Moving right along...

So it turns out that I did end up making my goal for Jan '05. And Feb, March, April, and so on. Every month that passed my confidence in going indie increased. I talked it over with the wife, and we decided that when we moved to Seattle that I'd be doing this full time. For the first six months I'd have to make X amount of dollars, and the second six months (which starts in Jan '06) I'd have to make more... and so on.

Here's a fun pic:


Click on it for a larger image. No, I won't tell you what the dollar amounts are. I'm not getting rich, but I will be able to give myself a raise next month as planned. I'll say this- I'm paying myself more than my first job, but less than my last job. I'm not getting rich but I'm doing alright. If I lived somewhere a little bit cheaper I'd be doing better... but that's ok, it's really nice up here in the north west.
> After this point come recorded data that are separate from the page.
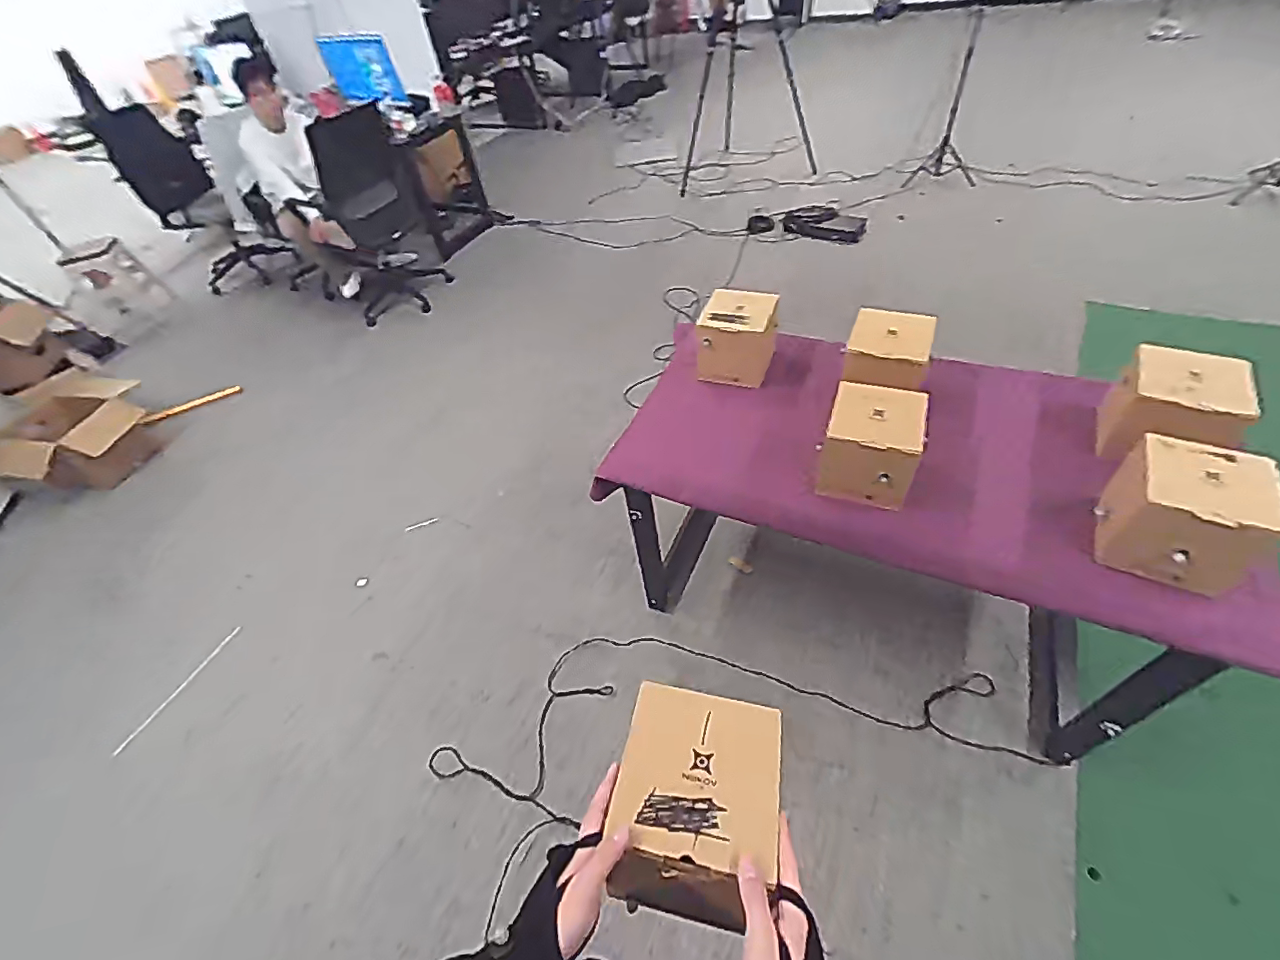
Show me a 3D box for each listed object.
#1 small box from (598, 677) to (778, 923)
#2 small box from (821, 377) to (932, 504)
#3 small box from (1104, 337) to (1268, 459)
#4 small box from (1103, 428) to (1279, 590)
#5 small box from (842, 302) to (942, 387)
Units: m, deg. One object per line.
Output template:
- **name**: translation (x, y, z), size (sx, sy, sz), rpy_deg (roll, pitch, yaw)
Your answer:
- **small box**: translation (0.058, 0.358, 0.609), size (0.168, 0.176, 0.179), rpy_deg (8, 39, 10)
- **small box**: translation (0.464, -0.077, 1.074), size (0.168, 0.176, 0.179), rpy_deg (14, 51, 20)
- **small box**: translation (1.030, -0.143, 1.036), size (0.168, 0.176, 0.179), rpy_deg (20, 55, 26)
- **small box**: translation (0.899, 0.049, 0.885), size (0.168, 0.176, 0.179), rpy_deg (20, 54, 25)
- **small box**: translation (0.569, -0.278, 1.237), size (0.168, 0.176, 0.179), rpy_deg (15, 54, 21)

One more, because I'm getting tired of typing.

Lesson #7 - It's not good enough to write and sell something that people want, it has to be got to be something they'll spend money for as well.

(I hope that doesn't come off as me being some money grubbing so and so. But if I want to do this full time, then I need to be able to pay for the house, food, and the dogs like occasional treats every now and again which cost money as well. At least the commute is only 12 seconds, I save a lot on gas that way.)

I've seen some cool ideas come and go, but for whatever reason they just didn't stick with people. And I imagine that can be pretty upsetting if you spend a lot of time working on it and it goes nowhere. Try to look at your app with a critical eye. Take FlyGesture for example- there is no way I would ever be able to go indie with that app, it just doesn't appeal to enough people. It has its fans, but not the same way as VoodooPad does or even FlySketch to an extent. If you aren't seeing growth in your sales... well, you better have another plan.

Implementation counts too. Sure, you could write it in java, but you're going to be spending a lot of time making it a mac application. Carbon is cool, but hard to learn. REALbasic is nice for some things, but I haven't really seen a compelling consumer grade application written in it. Just use Cocoa, you'll be happier in the long run. Yes Objective-C is a funky language to learn, and it's C under that... but you can do it. I did. The only class I ever flunked was... wait for it... cs103, intro to computer programming in C. So you don't even have to be a good programmer. (Mr. Job Interviewer, you want me to write a bubble sort routine? Crap, I'm screwed- you might as well just move on to the next job applicant.)

You've got to make it look and feel nice as well. Make it a Macintosh™ application. Someone commented to me the other day that both Brent Simmons (maker of NetNewsWire) and myself seem to have a sense for making usable user interfaces. I then pointed out that we both just try and figure out what Panic would do. WWPD? Stick it on a bracelet and you are set. Emulate who you want to be like, but don't copy because that's lame*. I guess that's lesson #7 1/2 .

So that's it! Gus's risk-free-no-money-out-of-your-own-pocket path to sticking it to The Man!

Just plan, set realistic goals, meet those goals, diversify, save up, add four cups of patience, and have fun. And most importantly- work your ass off. It's not difficult, it's just not easy. It takes time and patience and hard work.

Now it's your turn- go make a better widget. (Just don't go making another note taking application because that's what we don't need another one of.)

* I totally ripped off a specific visual effect from Transmit 3.0, and put it in VoodooPad 2.5. Can you guess what and where it is?